The first barrier to building a nuclear weapon is finding nuclear fuel. Very few types of atoms are both the right size and abundant enough to make a nuclear weapon. It’s either uranium or plutonium for fission bombs, or a mixture of deuterium and tritium (both of them rare forms of hydrogen) for nuclear fusion.




To collect weapons-grade uranium is not easy. You need a concentrated (“enriched”) lump of the less stable form, uranium-235, which is only about 1% of naturally occurring uranium. (The other 99%, uranium-238, doesn’t work for an atom bomb because it doesn’t split apart easily enough). Separating these two forms, or isotopes—which are identical in almost every way but differ slightly in weight—is hard, and takes a lot of energy. The plant that enriched uranium for the first atomic bomb covered more than 40 acres (16 ha) of land, with 100 miles (161 km) of piping, and thousands of heaters and compressors to turn the metallic uranium into a gas so the isotopes could be separated.

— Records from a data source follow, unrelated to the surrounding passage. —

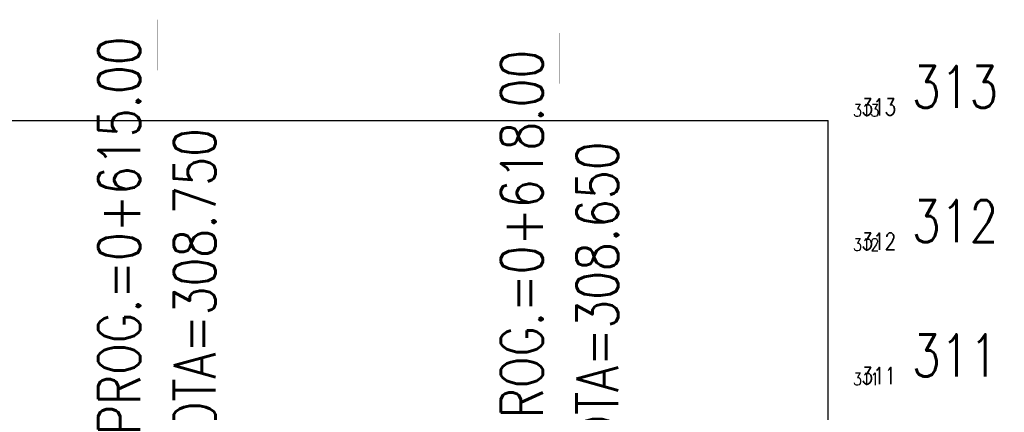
# Model space of a CAD drawing. Header units: metres. Extents: x 719936 to 720643, y 9143565 to 9144018.
# Tile 45 of 56: x 720539.22 to 720546.56, y 9143954.51 to 9143957.43. Entities that reach past the tile are written whole.
import ezdxf

# ---------------------------------------------------------------- set-up
doc = ezdxf.new("R2010")
doc.units = ezdxf.units.M
for name, color, linetype in [('01_CIVI_322_PF_GRID', 8, 'Continuous'), ('AecObjExplode_PLANTA RAPIDA_Vport_1ECE', 7, 'Continuous'), ('AecObjExplode_PLANTA RAPIDA_Vport_1ED3', 7, 'Continuous'), ('AecObjExplode_PLANTA RAPIDA_Vport_1ED7', 7, 'Continuous'), ('AecObjExplode_PLANTA RAPIDA_Vport_220C', 7, 'Continuous'), ('AecObjExplode_PLANTA RAPIDA_Vport_22C7', 7, 'Continuous'), ('AecObjExplode_PLANTA RAPIDA_Vport_22CB', 7, 'Continuous'), ('AecObjExplode_PLANTA RAPIDA_Vport_22E2', 7, 'Continuous'), ('AecObjExplode_PLANTA RAPIDA_Vport_22EB', 7, 'Continuous'), ('AecObjExplode_PLANTA RAPIDA_Vport_2460', 7, 'Continuous'), ('AecObjExplode_PLANTA RAPIDA_Vport_2496', 7, 'Continuous'), ('AIR_NOTAS A-3', 7, 'Continuous'), ('C-ROAD-PROF-VIEW', 7, 'Continuous')]:
    doc.layers.add(name, color=color, linetype=linetype)
doc.styles.add('AIR-Simplex.(0.80)', font='simplex.shx', dxfattribs={"width": 0.8})

# ---------------------------------------------------------------- blocks, each defined once
blk = doc.blocks.new('AecObjExplode_PLANTA RAPIDA_Vport_1ECE')
at = {"layer": '01_CIVI_322_PF_GRID', "color": 7, "linetype": 'Continuous', "lineweight": -3}
for p in [(720495.2438, 9143956.6826), (720545.2438, 9143949.6826)]:
    blk.add_line(p, (720545.2438, 9143956.6826), dxfattribs=at)
at = {"layer": 'AIR_NOTAS A-3', "color": 7, "linetype": 'Continuous', "lineweight": -3}
for p, q in [((720540.2438, 9143952.4323), (720540.2438, 9143957.4323)), ((720543.2438, 9143952.333), (720543.2438, 9143957.333))]:
    blk.add_line(p, q, dxfattribs=at)
at = {"layer": 'C-ROAD-PROF-VIEW', "color": 7, "linetype": 'Continuous', "lineweight": -3, "char_height": 0.3125, "attachment_point": 4, "style": 'AIR-Simplex.(0.80)'}
for s, insert in [('313', (720545.8688, 9143956.9326)), ('312', (720545.8688, 9143955.9326)), ('311', (720545.8688, 9143954.9326))]:
    blk.add_mtext(s, dxfattribs=dict(at, insert=insert))
at = {"layer": 'AIR_NOTAS A-3', "color": 7, "linetype": 'Continuous', "lineweight": -3, "char_height": 0.3125, "rotation": 90, "style": 'AIR-Simplex.(0.80)', "bg_fill": 3, "box_fill_scale": 1.4, "bg_fill_color": 256, "bg_fill_true_color": 13158600, "bg_fill_transparency": 0}
for s, insert, width, attachment_point in [('PROG.=0+615.00', (720540.1188, 9143957.3073), 3.210357, 9), ('PROG.=0+618.00', (720543.1188, 9143957.208), 3.210357, 9), ('COTA=308.750', (720540.3688, 9143954.1287), 2.801548, 1), ('COTA=308.650', (720543.3688, 9143954.0294), 2.801548, 1)]:
    blk.add_mtext(s, dxfattribs=dict(at, insert=insert, width=width, attachment_point=attachment_point))
blk = doc.blocks.new('AecObjExplode_PLANTA RAPIDA_Vport_1ED3')
at = {"layer": '01_CIVI_322_PF_GRID', "color": 7, "linetype": 'Continuous', "lineweight": -3}
for p in [(720495.2438, 9143956.6826), (720545.2438, 9143949.6826)]:
    blk.add_line(p, (720545.2438, 9143956.6826), dxfattribs=at)
at = {"layer": 'C-ROAD-PROF-VIEW', "color": 7, "linetype": 'Continuous', "lineweight": -3, "char_height": 0.125, "attachment_point": 4, "style": 'AIR-Simplex.(0.80)'}
for s, insert in [('313', (720545.4938, 9143956.7826)), ('312', (720545.4938, 9143955.7826)), ('311', (720545.4938, 9143954.7826))]:
    blk.add_mtext(s, dxfattribs=dict(at, insert=insert))
blk = doc.blocks.new('AecObjExplode_PLANTA RAPIDA_Vport_1ED7')
at = {"layer": '01_CIVI_322_PF_GRID', "color": 7, "linetype": 'Continuous', "lineweight": -3}
for p in [(720495.2438, 9143956.6826), (720545.2438, 9143949.6826)]:
    blk.add_line(p, (720545.2438, 9143956.6826), dxfattribs=at)
at = {"layer": 'C-ROAD-PROF-VIEW', "color": 7, "linetype": 'Continuous', "lineweight": -3, "char_height": 0.125, "attachment_point": 4, "style": 'AIR-Simplex.(0.80)'}
for s, insert in [('313', (720545.4938, 9143956.7826)), ('312', (720545.4938, 9143955.7826)), ('311', (720545.4938, 9143954.7826))]:
    blk.add_mtext(s, dxfattribs=dict(at, insert=insert))
blk = doc.blocks.new('AecObjExplode_PLANTA RAPIDA_Vport_220C')
at = {"layer": '01_CIVI_322_PF_GRID', "color": 7, "linetype": 'Continuous', "lineweight": -3}
for p in [(720495.2438, 9143956.6826), (720545.2438, 9143949.6826)]:
    blk.add_line(p, (720545.2438, 9143956.6826), dxfattribs=at)
at = {"layer": 'AIR_NOTAS A-3', "color": 7, "linetype": 'Continuous', "lineweight": -3}
for p, q in [((720540.2438, 9143952.4323), (720540.2438, 9143957.4323)), ((720543.2438, 9143952.333), (720543.2438, 9143957.333))]:
    blk.add_line(p, q, dxfattribs=at)
at = {"layer": 'C-ROAD-PROF-VIEW', "color": 7, "linetype": 'Continuous', "lineweight": -3, "char_height": 0.3125, "attachment_point": 4, "style": 'AIR-Simplex.(0.80)'}
for s, insert in [('313', (720545.8688, 9143956.9326)), ('312', (720545.8688, 9143955.9326)), ('311', (720545.8688, 9143954.9326))]:
    blk.add_mtext(s, dxfattribs=dict(at, insert=insert))
at = {"layer": 'AIR_NOTAS A-3', "color": 7, "linetype": 'Continuous', "lineweight": -3, "char_height": 0.3125, "rotation": 90, "style": 'AIR-Simplex.(0.80)', "bg_fill": 3, "box_fill_scale": 1.4, "bg_fill_color": 256, "bg_fill_true_color": 13158600, "bg_fill_transparency": 0}
for s, insert, width, attachment_point in [('PROG.=0+615.00', (720540.1188, 9143957.3073), 3.210357, 9), ('PROG.=0+618.00', (720543.1188, 9143957.208), 3.210357, 9), ('COTA=308.750', (720540.3688, 9143954.1287), 2.801548, 1), ('COTA=308.650', (720543.3688, 9143954.0294), 2.801548, 1)]:
    blk.add_mtext(s, dxfattribs=dict(at, insert=insert, width=width, attachment_point=attachment_point))
blk = doc.blocks.new('AecObjExplode_PLANTA RAPIDA_Vport_22C7')
at = {"layer": '01_CIVI_322_PF_GRID', "color": 7, "linetype": 'Continuous', "lineweight": -3}
for p in [(720495.2438, 9143956.6826), (720545.2438, 9143949.6826)]:
    blk.add_line(p, (720545.2438, 9143956.6826), dxfattribs=at)
at = {"layer": 'C-ROAD-PROF-VIEW', "color": 7, "linetype": 'Continuous', "lineweight": -3, "char_height": 0.09375, "attachment_point": 4, "style": 'AIR-Simplex.(0.80)'}
for s, insert in [('313', (720545.4313, 9143956.7576)), ('312', (720545.4313, 9143955.7576)), ('311', (720545.4313, 9143954.7576))]:
    blk.add_mtext(s, dxfattribs=dict(at, insert=insert))
blk = doc.blocks.new('AecObjExplode_PLANTA RAPIDA_Vport_22CB')
at = {"layer": '01_CIVI_322_PF_GRID', "color": 7, "linetype": 'Continuous', "lineweight": -3}
for p in [(720495.2438, 9143956.6826), (720545.2438, 9143949.6826)]:
    blk.add_line(p, (720545.2438, 9143956.6826), dxfattribs=at)
at = {"layer": 'C-ROAD-PROF-VIEW', "color": 7, "linetype": 'Continuous', "lineweight": -3, "char_height": 0.09375, "attachment_point": 4, "style": 'AIR-Simplex.(0.80)'}
for s, insert in [('313', (720545.4313, 9143956.7576)), ('312', (720545.4313, 9143955.7576)), ('311', (720545.4313, 9143954.7576))]:
    blk.add_mtext(s, dxfattribs=dict(at, insert=insert))
blk = doc.blocks.new('AecObjExplode_PLANTA RAPIDA_Vport_22E2')
at = {"layer": '01_CIVI_322_PF_GRID', "color": 7, "linetype": 'Continuous', "lineweight": -3}
for p in [(720495.2438, 9143956.6826), (720545.2438, 9143949.6826)]:
    blk.add_line(p, (720545.2438, 9143956.6826), dxfattribs=at)
at = {"layer": 'C-ROAD-PROF-VIEW', "color": 7, "linetype": 'Continuous', "lineweight": -3, "char_height": 0.09375, "attachment_point": 4, "style": 'AIR-Simplex.(0.80)'}
for s, insert in [('313', (720545.4313, 9143956.7576)), ('312', (720545.4313, 9143955.7576)), ('311', (720545.4313, 9143954.7576))]:
    blk.add_mtext(s, dxfattribs=dict(at, insert=insert))
blk = doc.blocks.new('AecObjExplode_PLANTA RAPIDA_Vport_22EB')
at = {"layer": '01_CIVI_322_PF_GRID', "color": 7, "linetype": 'Continuous', "lineweight": -3}
for p in [(720495.2438, 9143956.6826), (720545.2438, 9143949.6826)]:
    blk.add_line(p, (720545.2438, 9143956.6826), dxfattribs=at)
at = {"layer": 'C-ROAD-PROF-VIEW', "color": 7, "linetype": 'Continuous', "lineweight": -3, "char_height": 0.09375, "attachment_point": 4, "style": 'AIR-Simplex.(0.80)'}
for s, insert in [('313', (720545.4313, 9143956.7576)), ('312', (720545.4313, 9143955.7576)), ('311', (720545.4313, 9143954.7576))]:
    blk.add_mtext(s, dxfattribs=dict(at, insert=insert))
blk = doc.blocks.new('AecObjExplode_PLANTA RAPIDA_Vport_2460')
at = {"layer": '01_CIVI_322_PF_GRID', "color": 7, "linetype": 'Continuous', "lineweight": -3}
for p in [(720495.2438, 9143956.6826), (720545.2438, 9143949.6826)]:
    blk.add_line(p, (720545.2438, 9143956.6826), dxfattribs=at)
at = {"layer": 'C-ROAD-PROF-VIEW', "color": 7, "linetype": 'Continuous', "lineweight": -3, "char_height": 0.09375, "attachment_point": 4, "style": 'AIR-Simplex.(0.80)'}
for s, insert in [('313', (720545.4313, 9143956.7576)), ('312', (720545.4313, 9143955.7576)), ('311', (720545.4313, 9143954.7576))]:
    blk.add_mtext(s, dxfattribs=dict(at, insert=insert))
blk = doc.blocks.new('AecObjExplode_PLANTA RAPIDA_Vport_2496')
at = {"layer": '01_CIVI_322_PF_GRID', "color": 7, "linetype": 'Continuous', "lineweight": -3}
for p in [(720495.2438, 9143956.6826), (720545.2438, 9143949.6826)]:
    blk.add_line(p, (720545.2438, 9143956.6826), dxfattribs=at)
at = {"layer": 'C-ROAD-PROF-VIEW', "color": 7, "linetype": 'Continuous', "lineweight": -3, "char_height": 0.09375, "attachment_point": 4, "style": 'AIR-Simplex.(0.80)'}
for s, insert in [('313', (720545.4313, 9143956.7576)), ('312', (720545.4313, 9143955.7576)), ('311', (720545.4313, 9143954.7576))]:
    blk.add_mtext(s, dxfattribs=dict(at, insert=insert))

msp = doc.modelspace()

# ---------------------------------------------------------------- block references
at = {"layer": 'AecObjExplode_PLANTA RAPIDA_Vport_1ECE'}
msp.add_blockref('AecObjExplode_PLANTA RAPIDA_Vport_1ECE', (0, 0), dxfattribs=at)

# ---------------------------------------------------------------- next in the draw order: block references
at = {"layer": 'AecObjExplode_PLANTA RAPIDA_Vport_1ED3'}
msp.add_blockref('AecObjExplode_PLANTA RAPIDA_Vport_1ED3', (0, 0), dxfattribs=at)

# ---------------------------------------------------------------- next in the draw order: block references
at = {"layer": 'AecObjExplode_PLANTA RAPIDA_Vport_1ED7'}
msp.add_blockref('AecObjExplode_PLANTA RAPIDA_Vport_1ED7', (0, 0), dxfattribs=at)

# ---------------------------------------------------------------- next in the draw order: block references
at = {"layer": 'AecObjExplode_PLANTA RAPIDA_Vport_220C'}
msp.add_blockref('AecObjExplode_PLANTA RAPIDA_Vport_220C', (0, 0), dxfattribs=at)

# ---------------------------------------------------------------- next in the draw order: block references
at = {"layer": 'AecObjExplode_PLANTA RAPIDA_Vport_22C7'}
msp.add_blockref('AecObjExplode_PLANTA RAPIDA_Vport_22C7', (0, 0), dxfattribs=at)

# ---------------------------------------------------------------- next in the draw order: block references
at = {"layer": 'AecObjExplode_PLANTA RAPIDA_Vport_22CB'}
msp.add_blockref('AecObjExplode_PLANTA RAPIDA_Vport_22CB', (0, 0), dxfattribs=at)

# ---------------------------------------------------------------- next in the draw order: block references
at = {"layer": 'AecObjExplode_PLANTA RAPIDA_Vport_22E2'}
msp.add_blockref('AecObjExplode_PLANTA RAPIDA_Vport_22E2', (0, 0), dxfattribs=at)

# ---------------------------------------------------------------- next in the draw order: block references
at = {"layer": 'AecObjExplode_PLANTA RAPIDA_Vport_22EB'}
msp.add_blockref('AecObjExplode_PLANTA RAPIDA_Vport_22EB', (0, 0), dxfattribs=at)

# ---------------------------------------------------------------- next in the draw order: block references
at = {"layer": 'AecObjExplode_PLANTA RAPIDA_Vport_2460'}
msp.add_blockref('AecObjExplode_PLANTA RAPIDA_Vport_2460', (0, 0), dxfattribs=at)

# ---------------------------------------------------------------- next in the draw order: block references
at = {"layer": 'AecObjExplode_PLANTA RAPIDA_Vport_2496'}
msp.add_blockref('AecObjExplode_PLANTA RAPIDA_Vport_2496', (0, 0), dxfattribs=at)

doc.saveas('drawing.dxf')

The problem with tritium—an isotope of hydrogen—is even greater. There is nearly no naturally occurring tritium, so it has to be synthesized. This is done in specially designed reactors, which aren’t easy to build and generate tiny amounts of tritium at a time.





So most countries fail to find enough nuclear fuel to make a bomb. Iran, for instance, struggled to generate enough enriched uranium-235 to get started. And, in the nuclear deal it signed in 2015, Iran had to send to Russia whatever low-enriched uranium it had.




Then create a mini-sun
With enough fuel, you can make a rudimentary nuclear bomb. What you need is to create conditions that can start a nuclear chain reaction.




In a fission weapon, when one atom of uranium-235, for instance, splits apart, it releases two neutrons. If each neutron hits another atom of uranium-235, those too will split, each releasing another two neutrons, and so on. This happens only if there’s enough uranium-235 in one place—the critical mass—for each neutron to have a high chance of hitting another atom.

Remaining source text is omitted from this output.